Enjoying the heat
Joe Lieberman's role in the health-care bill had nothing to do with leadership; it was all about skillfully representing the interests of his constituents, in this case the insurance companies.
It was a bravura performance. He dispassionately sized up the situation, was clear about his own priorities, understood what resources he had, and put all of that analysis to work in achieving what he set out to do. That so many people were angry at him is a tribute to his skill in reaching his objective and undermining others' goals.
I admire him for his willingness to make himself something of a pariah, to have his colleagues and the chattering class angry at him. Tolerating the heat is a useful quality. Not every politician has the capacity to distinguish self from role enough to withstand the onslaught of criticism and personal attack that he endured last week. Only a very, very few, like Lieberman, seem to actually enjoy it.
But unlike Ben Nelson, who was using his leverage on behalf of values which he had long stood for and deeply believed in, Joe Lieberman was maneuvering on behalf of the people who elected him, a traditional if not particularly noble activity.

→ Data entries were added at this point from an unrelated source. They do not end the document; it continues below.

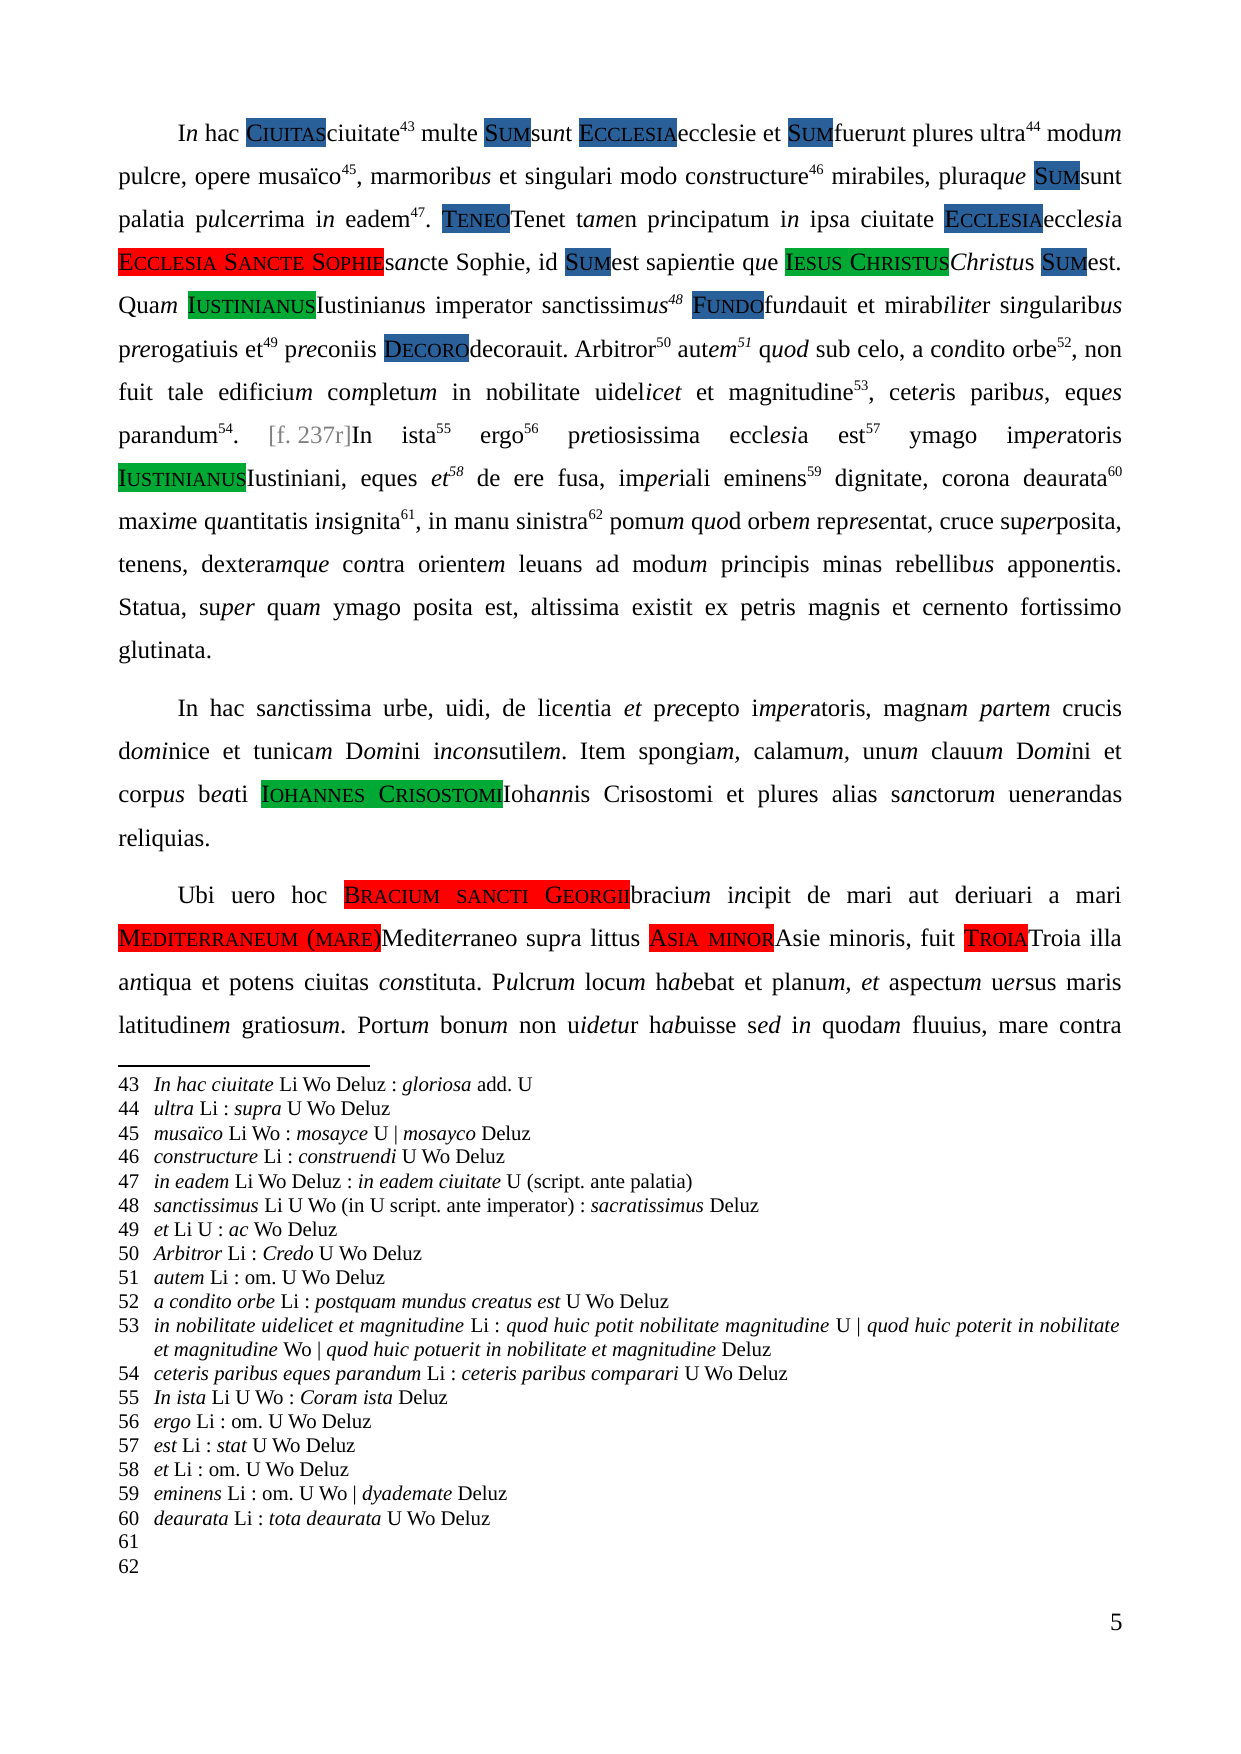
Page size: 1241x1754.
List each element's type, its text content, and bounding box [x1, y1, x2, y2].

text In hac Ciuitasciuitate multe Sumsunt Ecclesiaecclesie et Sumfuerunt plures ultra modum pulcre, opere musaïco, marmoribus et singulari modo constructure mirabiles, pluraque Sumsunt palatia pulcerrima in eadem. TeneoTenet tamen principatum in ipsa ciuitate Ecclesiaecclesia Ecclesia Sancte Sophiesancte Sophie, id Sumest sapientie que Iesus ChristusChristus Sumest. Quam IustinianusIustinianus imperator sanctissimus Fundofundauit et mirabiliter singularibus prerogatiuis et preconiis Decorodecorauit. Arbitror autem quod sub celo, a condito orbe, non fuit tale edificium completum in nobilitate uidelicet et magnitudine, ceteris paribus, eques parandum. [f. 237r]In ista ergo pretiosissima ecclesia est ymago imperatoris IustinianusIustiniani, eques et de ere fusa, imperiali eminens dignitate, corona deaurata maxime quantitatis insignita, in manu sinistra pomum quod orbem representat, cruce superposita, tenens, dexteramque contra orientem leuans ad modum principis minas rebellibus apponentis. Statua, super quam ymago posita est, altissima existit ex petris magnis et cernento fortissimo glutinata. [118, 118, 1122, 664]
text ergo Li : om. U Wo Deluz [118, 1409, 1122, 1433]
text in eadem Li Wo Deluz : in eadem ciuitate U (script. ante palatia) [118, 1168, 1122, 1193]
text a condito orbe Li : postquam mundus creatus est U Wo Deluz [118, 1289, 1122, 1313]
text ultra Li : supra U Wo Deluz [118, 1096, 1122, 1120]
text in nobilitate uidelicet et magnitudine Li : quod huic potit nobilitate magnitudine U | quod huic poterit in nobilitate et magnitudine Wo | quod huic potuerit in nobilitate et magnitudine Deluz [118, 1313, 1122, 1361]
text constructure Li : construendi U Wo Deluz [118, 1144, 1122, 1168]
text musaïco Li Wo : mosayce U | mosayco Deluz [118, 1120, 1122, 1144]
text In hac sanctissima urbe, uidi, de licentia et precepto imperatoris, magnam partem crucis dominice et tunicam Domini inconsutilem. Item spongiam, calamum, unum clauum Domini et corpus beati Iohannes CrisostomiIohannis Crisostomi et plures alias sanctorum uenerandas reliquias. [118, 693, 1122, 851]
text Ubi uero hoc Bracium sancti Georgiibracium incipit de mari aut deriuari a mari Mediterraneum (mare)Mediterraneo supra littus Asia minorAsie minoris, fuit TroiaTroia illa antiqua et potens ciuitas constituta. Pulcrum locum habebat et planum, et aspectum uersus maris latitudinem gratiosum. Portum bonum non uidetur habuisse sed in quodam fluuius, mare contra [118, 880, 1122, 1038]
text autem Li : om. U Wo Deluz [118, 1265, 1122, 1289]
text Arbitror Li : Credo U Wo Deluz [118, 1241, 1122, 1265]
text In ista Li U Wo : Coram ista Deluz [118, 1385, 1122, 1409]
text et Li U : ac Wo Deluz [118, 1217, 1122, 1241]
text ceteris paribus eques parandum Li : ceteris paribus comparari U Wo Deluz [118, 1361, 1122, 1385]
text est Li : stat U Wo Deluz [118, 1433, 1122, 1457]
text eminens Li : om. U Wo | dyademate Deluz [118, 1481, 1122, 1505]
text deaurata Li : tota deaurata U Wo Deluz [118, 1505, 1122, 1529]
text et Li : om. U Wo Deluz [118, 1457, 1122, 1481]
text sanctissimus Li U Wo (in U script. ante imperator) : sacratissimus Deluz [118, 1193, 1122, 1217]
text In hac ciuitate Li Wo Deluz : gloriosa add. U [118, 1072, 1122, 1096]

Real leadership from Lieberman would have seen him having the courage to represent the uninsured citizens of Connecticut, those who the insurance companies refused to cover, those whose costs of coverage became astronomical after they were ill. Real leadership from Joe Lieberman would have seen him annoy insurance company CEOs, not Harry Reid. Real leadership would have seen him use his relationship with the insurance companies to push them toward reforms and accepting competition that would make them in the long run more efficient and accountable, rather than pandering to them as he did.